Татьяна поставила чашки на стол, подошла к окну. Погожий летний день набирал силу. На высоком небе – ни облачка, лишь веселые стрижи хозяйничали в его просторе. Глубокие тени от кустов и деревьев еще больше подчеркивали яркий, солнечный свет, позолотивший траву и песчаную дорогу на Береговой улице. Два белобрысых мальчугана проехали мимо окон на больших, явно не их по росту, велосипедах. Прошла старушка, ведя за собой козу на веревке. Жизнь продолжалась, но она не касалась ее, Татьяны, оказавшейся вдруг лишней и ненужной в праздничном от солнца и летних красок мире. Ей стало холодно. Она отошла от окна, постояла в раздумье перед кроватью, где недавно лежал Андрей, потом, как будто решившись на что-то, быстро подошла к старенькому фанерному буфету, открыла створку и достала с верхней полки пол-литровую бутылку водки. Ее держали на всякий случай – приход незваных гостей или от простуды. Татьяна поставила на стол бутылку, сходила на кухню за стаканом, села за стол. Она глубоко вздохнула, перекрестилась на иконку, стоящую на небольшой божнице в углу комнаты, и отвинтила колпачок бутылки. Но наливать не торопилась. Ее терзали сомнения. И вновь какое-то внезапное решение подбросило ее с места. Она вскочила, закрутила колпачок обратно, положила бутылку в пакет и выбежала из дома.

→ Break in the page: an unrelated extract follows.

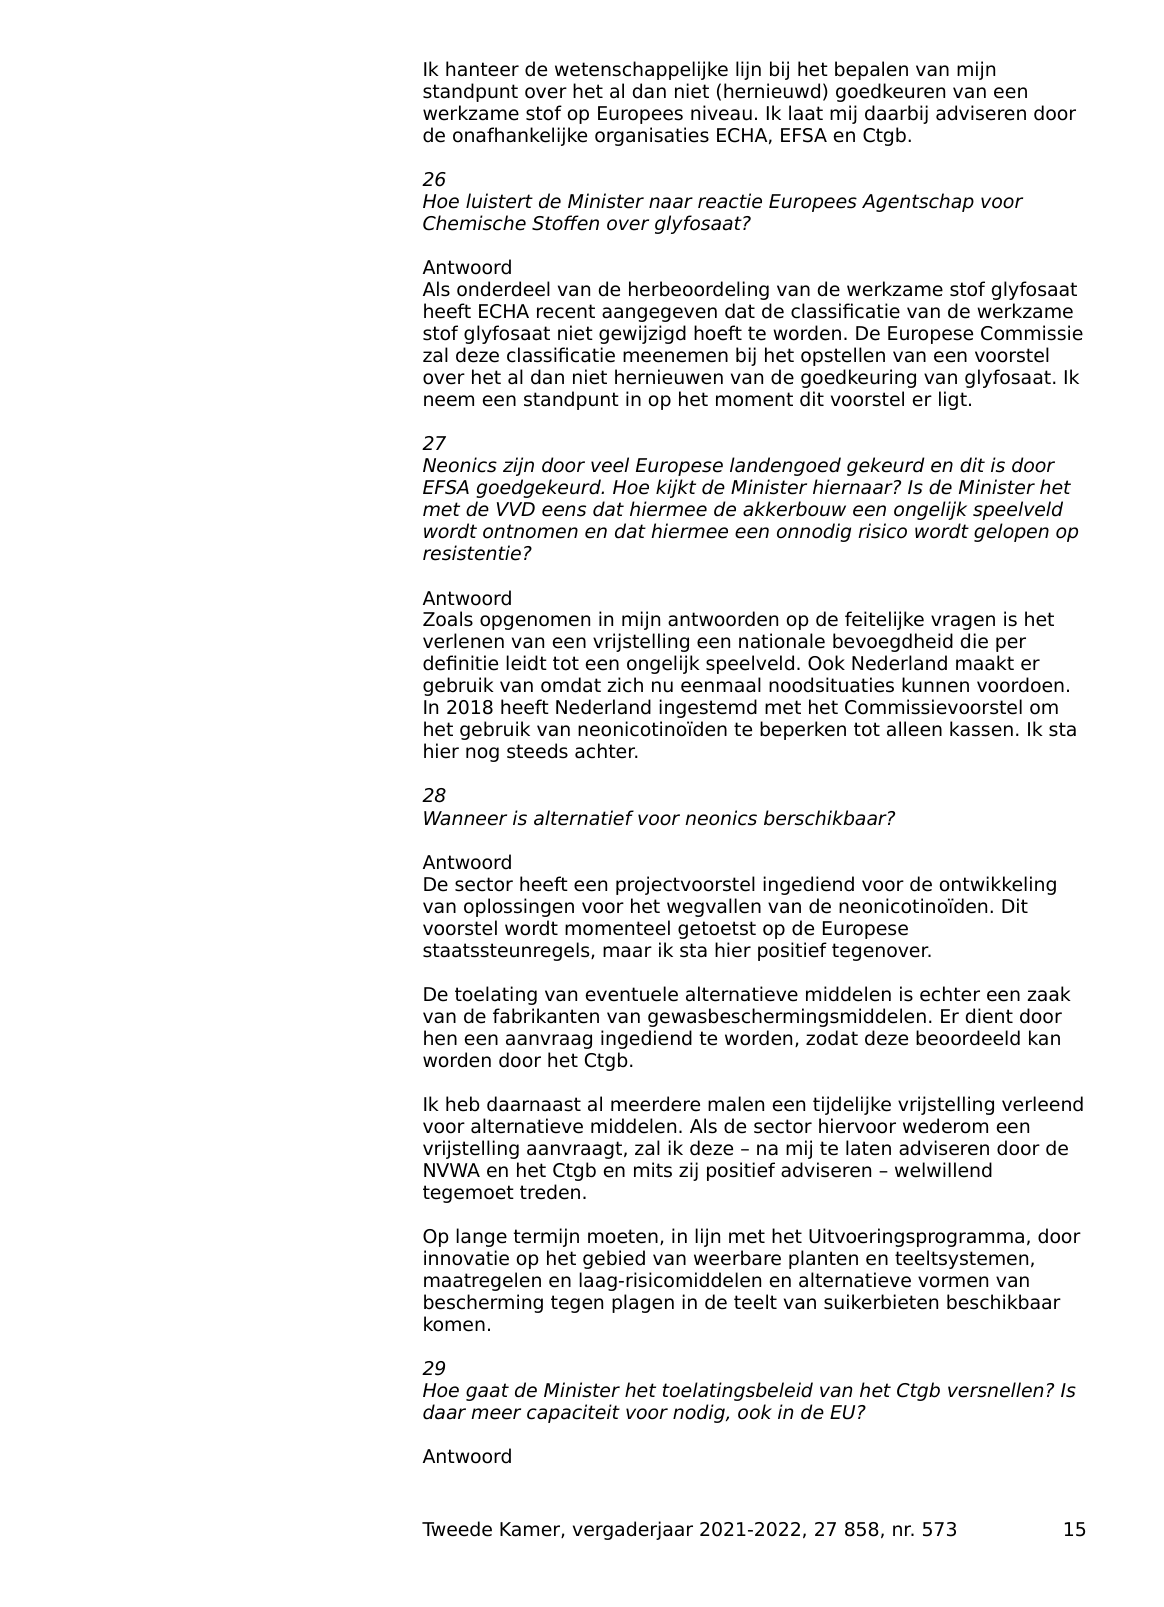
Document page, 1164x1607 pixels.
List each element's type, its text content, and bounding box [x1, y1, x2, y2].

Татьяна подошла к флигелю отца Алексея, постучала в дверь. Ей никто не ответил. Она огляделась вокруг, но никого не заметила. Татьяна пошла к церкви. На крыльце стоял отец Алексей с двумя женщинами в белых платках и о чем-то беседовал с ними. Увидев Татьяну, он попрощался с женщинами и пошел ей навстречу.
– Дорогая Татьяна Михайловна! Зачем же вы ушли из больницы? Мне матушка рассказала, как вы тяжело болели. Она боялась за вас, всю ночь молилась, чтобы Бог не оставил вас, а вы…

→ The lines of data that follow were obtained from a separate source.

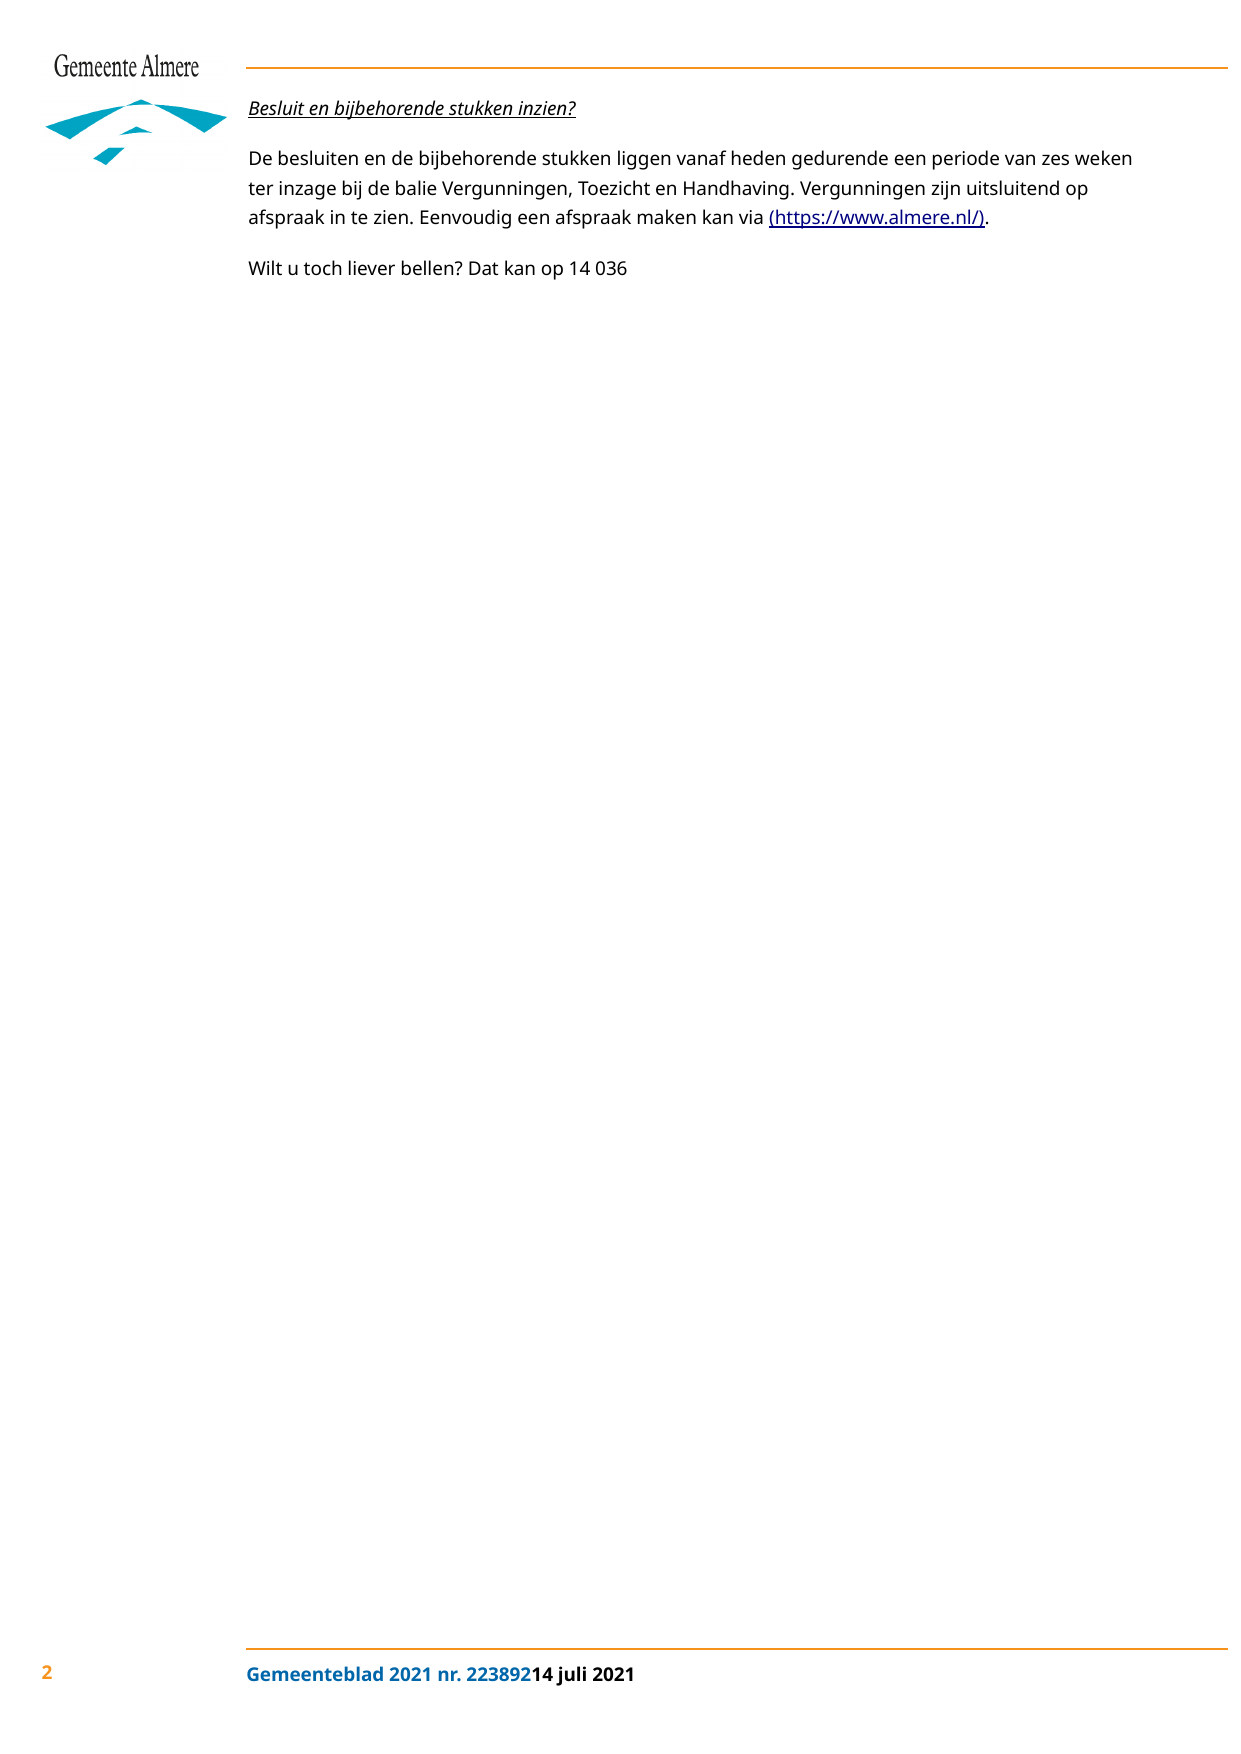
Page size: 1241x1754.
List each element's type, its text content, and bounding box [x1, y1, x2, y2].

text Besluit en bijbehorende stukken inzien? [248, 95, 1152, 121]
text Wilt u toch liever bellen? Dat kan op 14 036 [248, 255, 1152, 281]
picture [41, 47, 231, 172]
text De besluiten en de bijbehorende stukken liggen vanaf heden gedurende een periode van zes weken ter inzage bij de balie Vergunningen, Toezicht en Handhaving. Vergunningen zijn uitsluitend op afspraak in te zien. Eenvoudig een afspraak maken kan via (https://www.almere.nl/). [248, 145, 1152, 230]

– Ничего. Спасибо, отец Алексей, и матушке спасибо. Мне уже значительно лучше, – сухо ответила Татьяна, вся во власти своих мыслей, далеких от того, что говорил батюшка. – Я к вам вот по какому делу. Отпустите мне грехи, если можно.
– Вы исповедаться хотите?
– Да.
– Ну что ж. На все воля Божья. Идите в придел и подождите меня. Я скоро.
Татьяна стояла перед образом Девы Марии и не узнавала себя в изображении. Художник дополнил живую натуру своим видением, и это одухотворило образ, вознесло его над мирской суетой. Богоматерь смотрела на Татьяну печальным взглядом и как будто видела перед собой не только эту земную женщину, но и весь ее жизненный путь, от рождения и по сей день, самый тяжелый в ее жизни. «Ах, Андрей! Как прекрасна твоя кисть! Но ведь это и душа твоя. Художник наполовину пишет тем, что у него внутри. Тогда почему…» Она не успела закончить свой мысленный монолог. Вошел отец Алексей, и началось таинство. Татьяна рассказала батюшке о своей любви к Андрею и Даше, о том, что она виновата в ее исчезновении, о сложных отношениях с братом, об Оксане, о ненависти и одновременно жалости к Елене. Лишь об одном она не сказала священнику, но об этом нельзя говорить никому. Батюшка именем Христа отпустил ее грехи.